SUPPLIED MATERIAL:
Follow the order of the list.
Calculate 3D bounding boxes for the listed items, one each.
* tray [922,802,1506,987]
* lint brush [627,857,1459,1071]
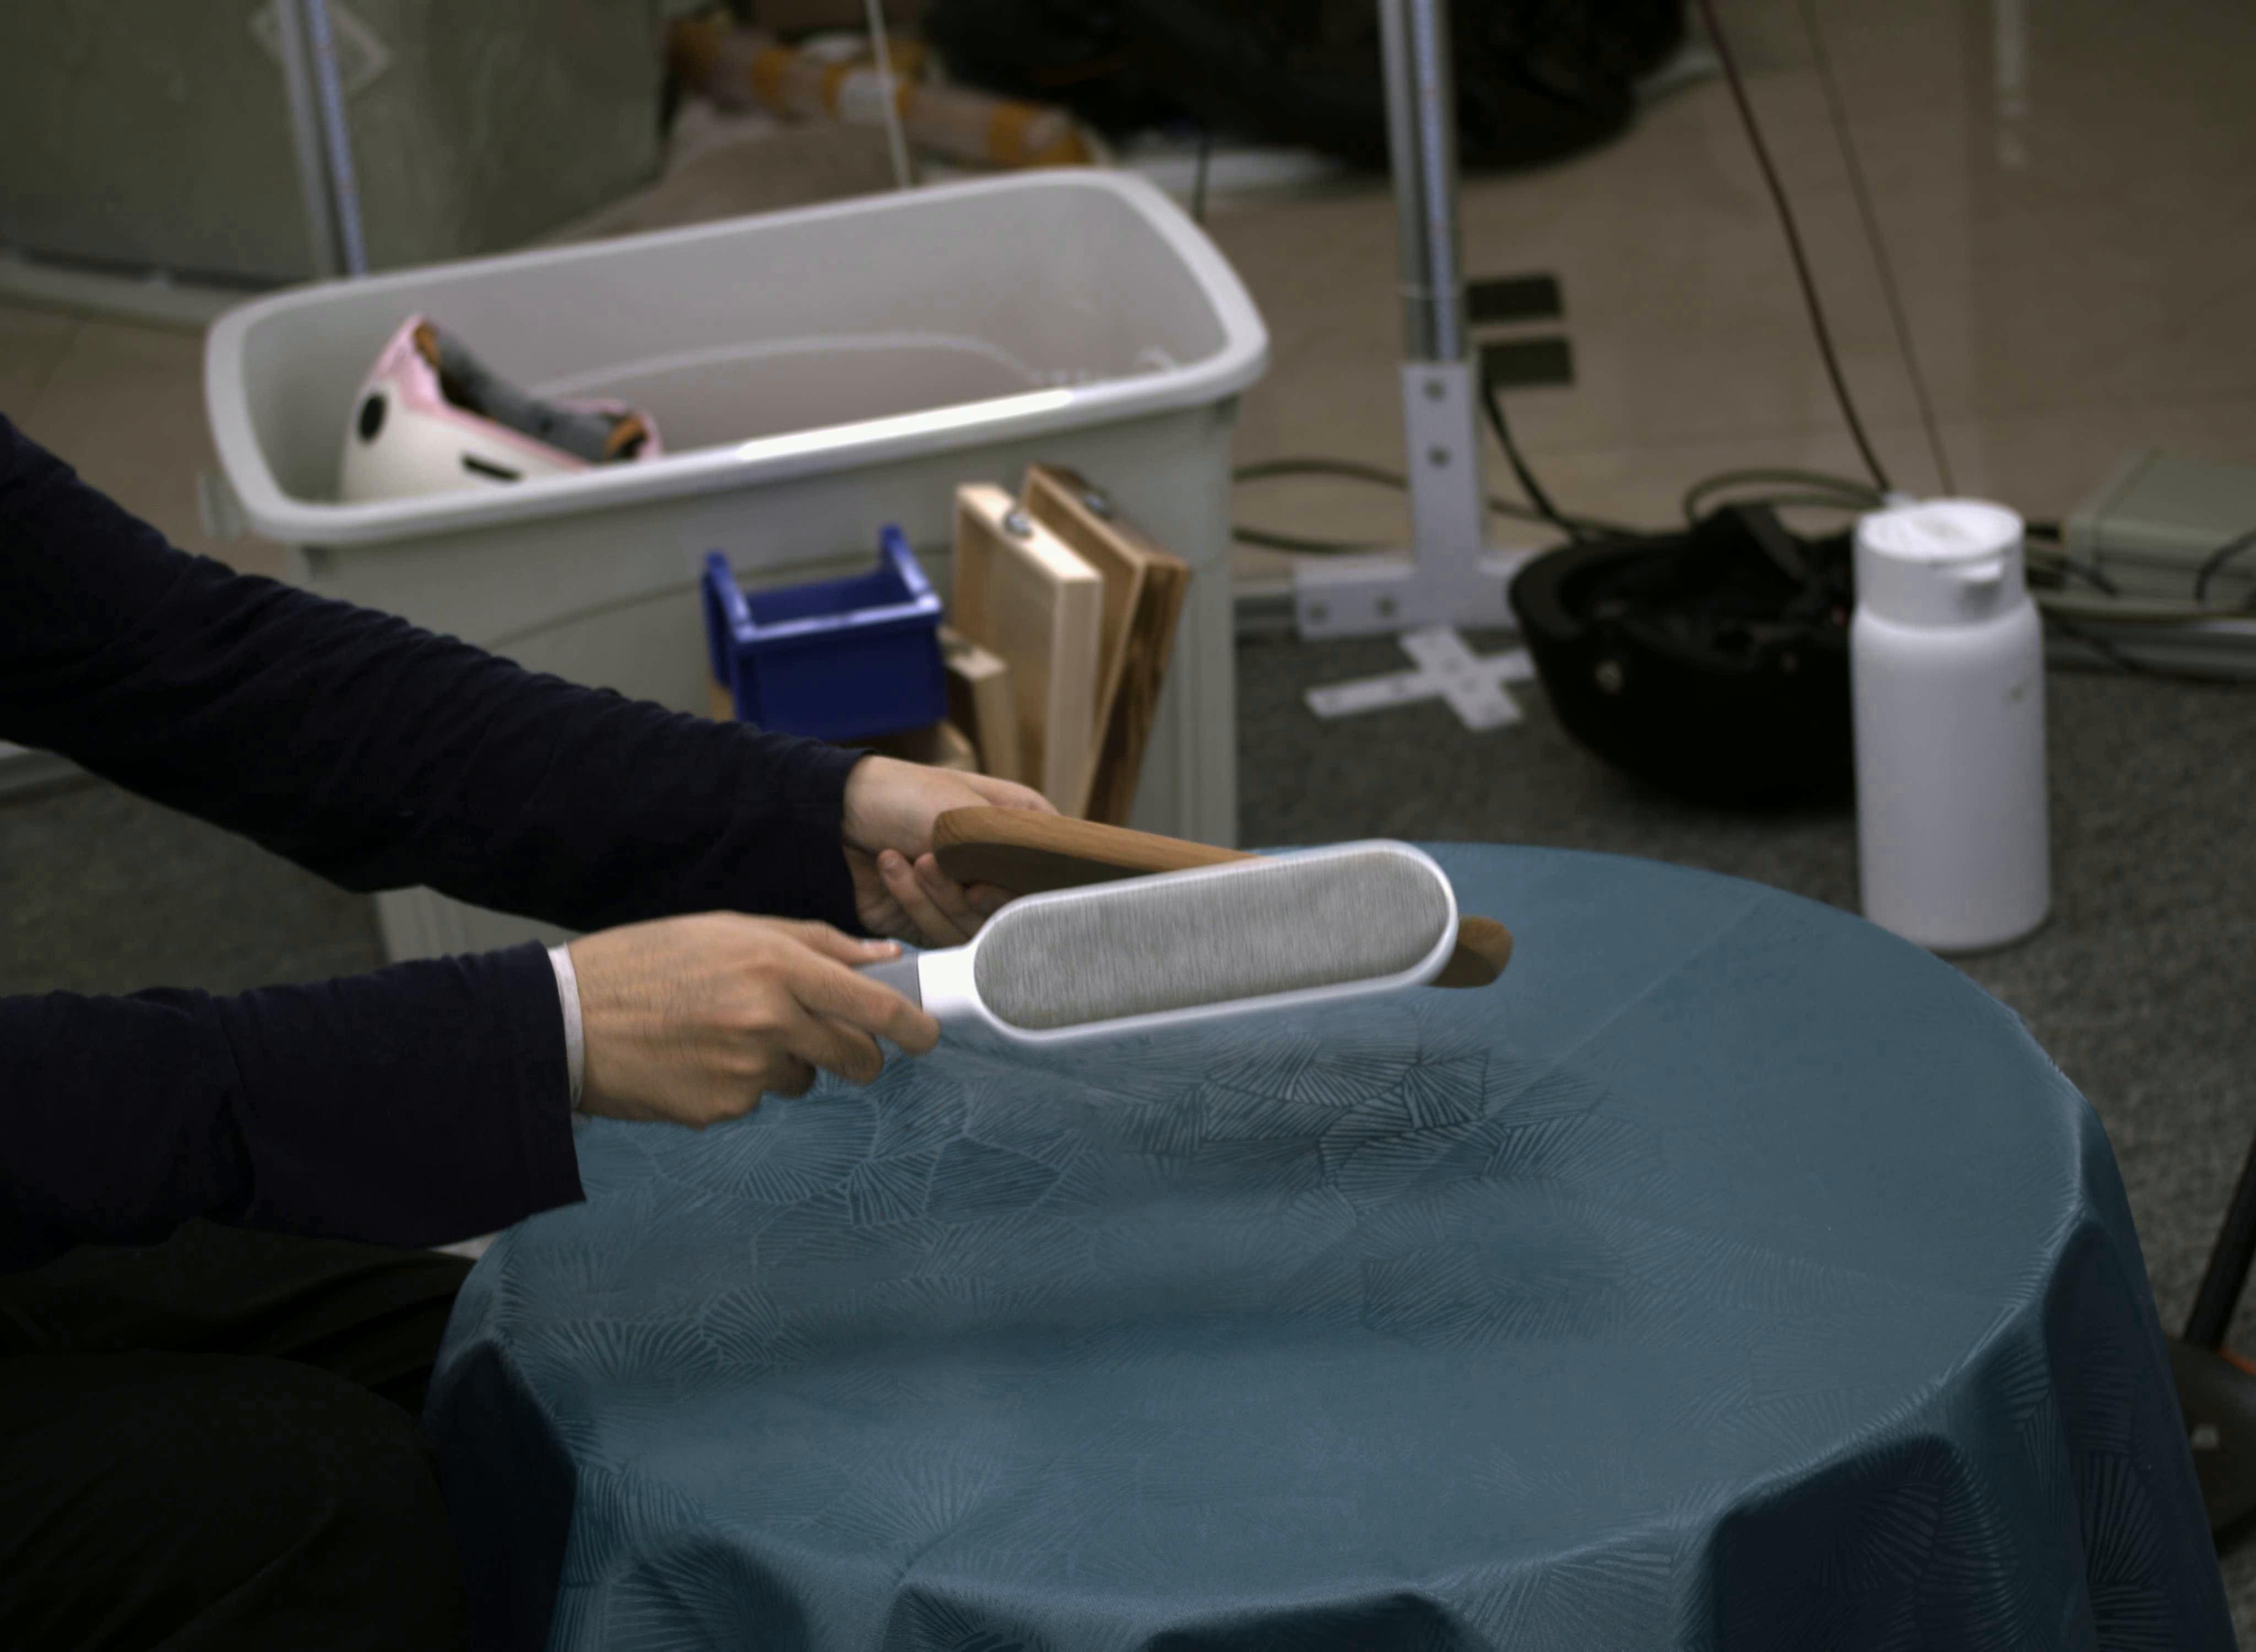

EXERCISE BRIEF: Dropping every picture, restate the material word for word.

PROBLEM SOLUTION:
Follow the order of the list.
Calculate 3D bounding boxes for the listed items, one each.
* tray [922,802,1506,987]
* lint brush [627,857,1459,1071]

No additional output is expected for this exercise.